L’homme au même niveau que l’anchois dans la chaîne alimentaire
Dans la chaîne alimentaire, l'homme ne
se situe pas au sommet, comme il pourrait le penser, mais au même niveau
que... les anchois et les cochons. Bien loin, donc, d'un super
prédateur. C'est la conclusion d'une étude originale, visant à mesurer
l'impact de la consommation humaine sur les écosystèmes, publiée dans
les Proceedings of the National Academy of Sciences lundi 2 décembre.
Pour arriver à ce résultat déroutant,
l'équipe conjointe de l'Institut français de recherche pour
l'exploitation de la mer (Ifremer), de l'Institut de recherche pour le
développement (IRD) et d'Agrocampus-Ouest a utilisé un outil classique
en écologie, mais qui n'avait jamais été appliqué à l'homme auparavant :
le niveau trophique, qui permet de positionner les différentes espèces dans la chaîne alimentaire.

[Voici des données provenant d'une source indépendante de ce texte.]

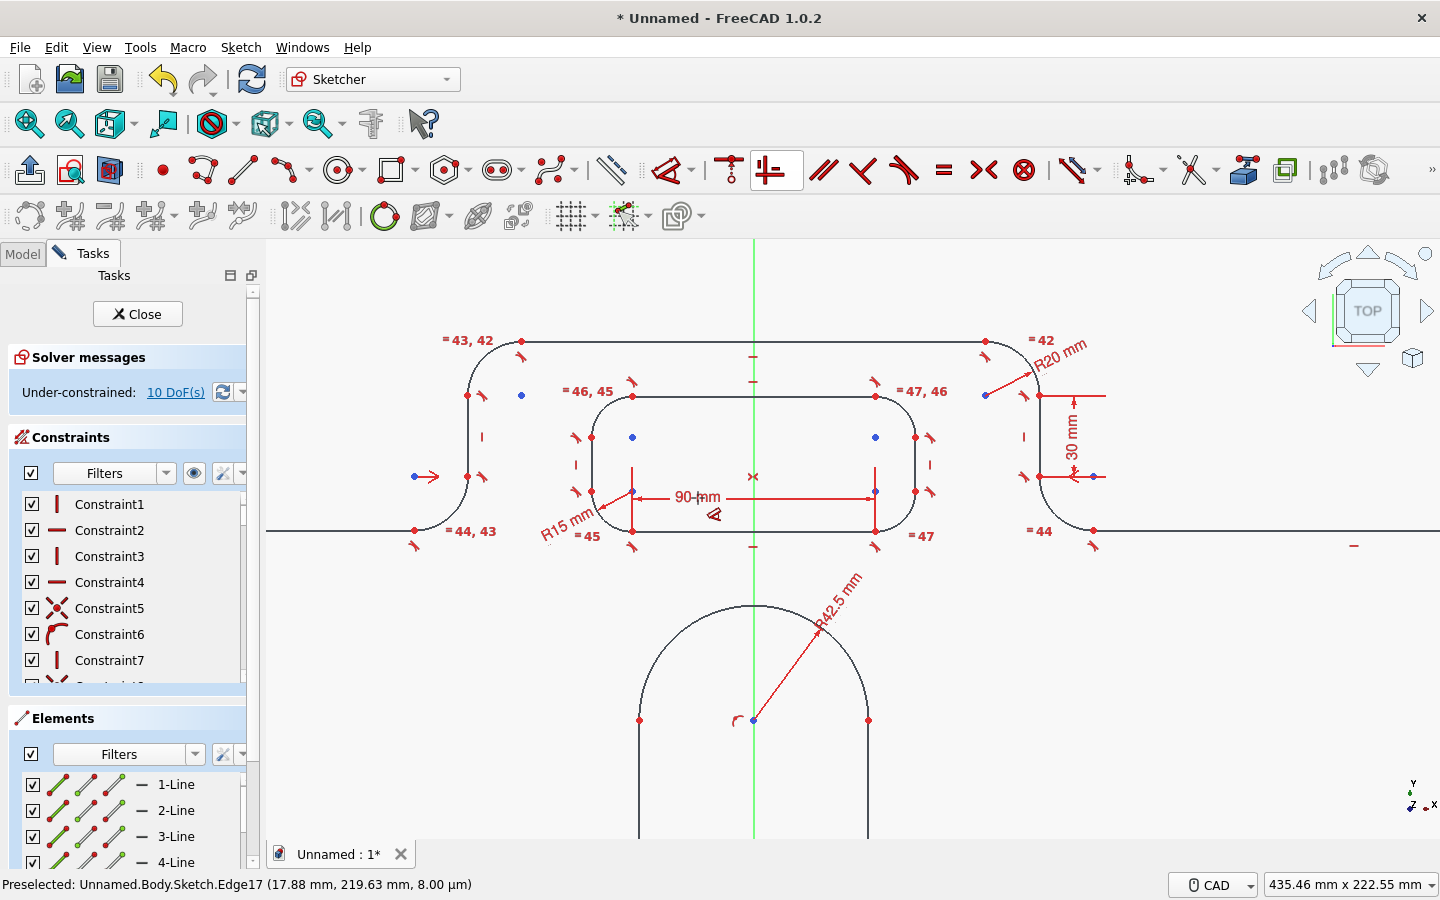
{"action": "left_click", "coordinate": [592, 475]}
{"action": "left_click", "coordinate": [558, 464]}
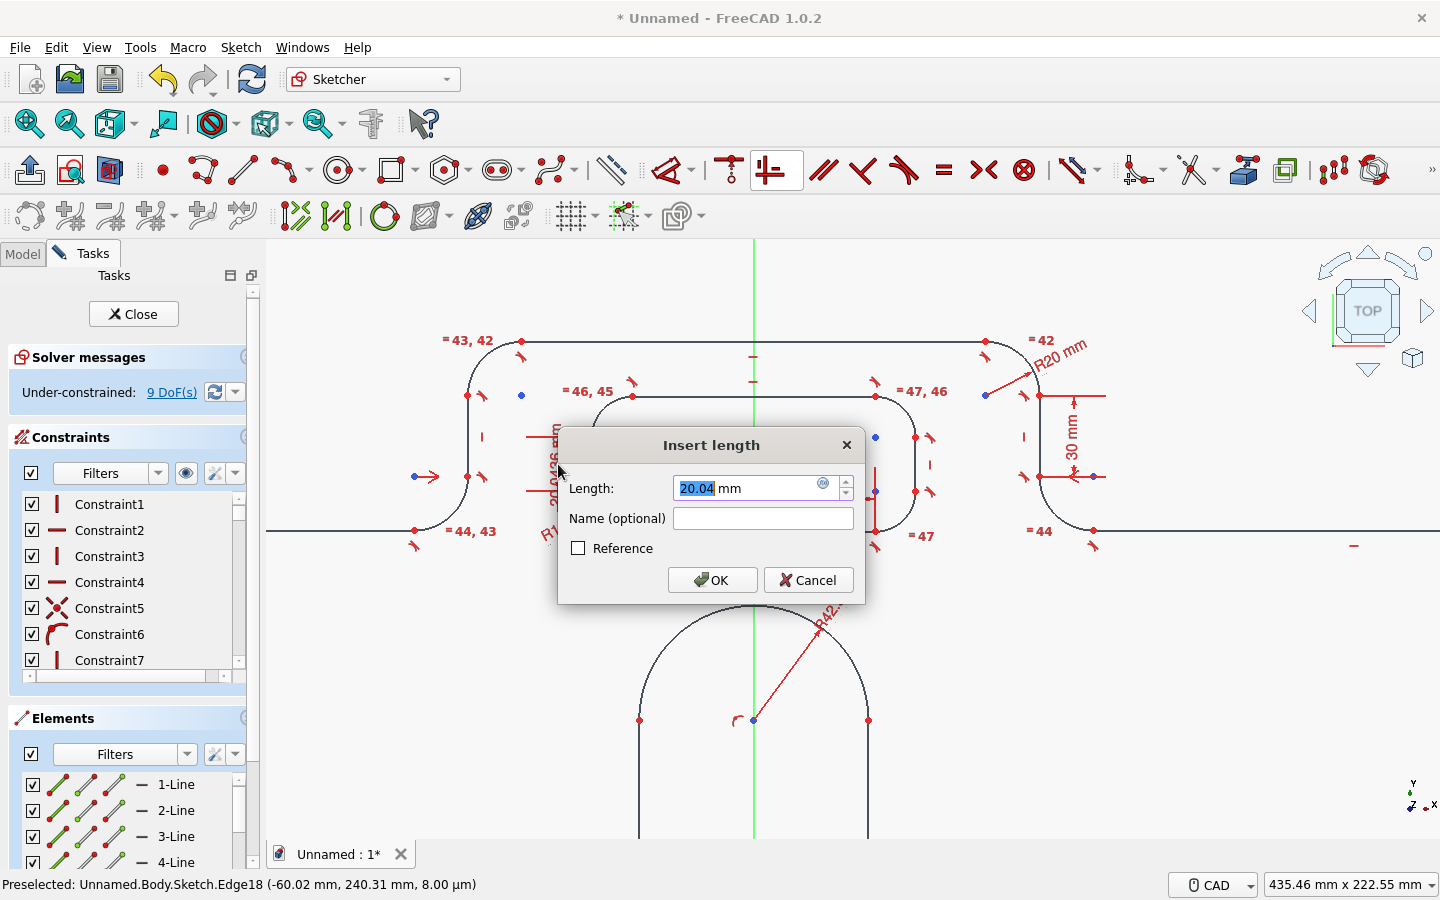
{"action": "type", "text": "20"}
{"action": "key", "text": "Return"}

A la base de cette échelle, et donc tout
en bas de la chaîne alimentaire, la valeur 1 correspond aux plantes et
au plancton. Les maillons suivants ont ensuite un indice égal à celui de
l'espèce qui assure leur alimentation, plus 1. Ainsi, les herbivores,
consommateurs des végétaux, relèvent du deuxième niveau (1 + 1),
les carnivores, prédateurs se nourrissant d'herbivores, sont eux
rattachés au troisième (2 + 1). Et ainsi de suite. Une vache, qui se
nourrit d'herbe, a alors un niveau trophique de 2, tandis qu'un orque,
un requin ou un ours polaire, qui mangent d'autres carnivores,
atteignent le niveau maximal de 5,5.
Pour situer l'homme, les scientifiques
ont utilisé les données de l'Organisation des Nations unies pour
l'alimentation et l'agriculture (FAO) sur la consommation humaine (type
et quantité de nourriture) pour la période 1961-2009, disponibles pour
176 des 196 pays référencés. Résultat : le niveau trophique obtenu est
de 2,21, soit au niveau des anchois et des cochons. "Contrairement à
l'idée communément acquise, l'homme n'est pas en haut de la chaîne
trophique. Il n'est pas un super prédateur du point de vue de
l'alimentation", commente Sylvain Bonhommeau, principal auteur de
l'étude et chercheur en écologie marine à l'Ifremer. Pas si étonnant, en
réalité, dans la mesure où l'homme est omnivore.
Au-delà de ce positionnement plutôt
savoureux par rapport aux autres espèces, l'indice a pour principal
intérêt de comparer les régimes alimentaires des différents pays avec la
même échelle de valeur, ainsi que de suivre leurs évolutions dans le
temps.
Exemple : le Burundi s'avère le pays
avec le niveau trophique humain le plus bas (2,04) en raison d'un régime
alimentaire composé à presque 97 % de plantes ; à l'opposé, l'Islande
obtient le score le plus élevé avec un indice de 2,54, ce qui correspond
à une alimentation majoritairement carnivore (plus de 50 %), en
l'occurrence très riche en poisson.
Les auteurs notent par ailleurs une
hausse de 3 % du niveau trophique de l'homme depuis 1961, une tendance
essentiellement due à la Chine et l'Inde qui consomment de plus en plus
de poulets et de cochons. Leur indice est maintenant de 2,20, contre
2,05 en 1960. A l'inverse, celui de l'Occident a légèrement fléchi
depuis quelques années. "Au final, cet indice nous permet de mieux
comprendre l'impact de notre alimentation sur notre capacité future
à nourrir les 9 milliards d'êtres humains en 2050", assure Sylvain Bonhommeau.
Car manger un carnivore n'a pas le même
impact que manger un végétal. Comme l'explique l'article, pour produire 1
kg de prédateur du niveau 3, il faut 10 kg de proies de l’échelon 2, et
100 kg de végétaux de l’échelon 1. Se nourrir de plantes mobilise donc
moins de ressources et de territoires que de manger de la viande. Pour
mieux connaître cette pression sur les écosystèmes, l'équipe de
scientifiques travaille maintenant à convertir la consommation humaine
en production primaire nécessaire.
"Cette étude fournit un outil très
utile pour mesurer le régime alimentaire humain. Par contre, elle ne
doit pas laisser penser que l'impact de l'homme sur les écosystèmes est
mesuré, prévient Franck Courchamp, écologue directeur de recherches au CNRS. Car
cet impact ne se réduit pas à son alimentation. La pollution, les
espèces invasives, le braconnage d'espèces : tout cela, qui n'est pas
mesuré par le niveau trophique, détruit les ressources et altère les
écosystèmes. De ce point de vue, l'homme reste un super prédateur."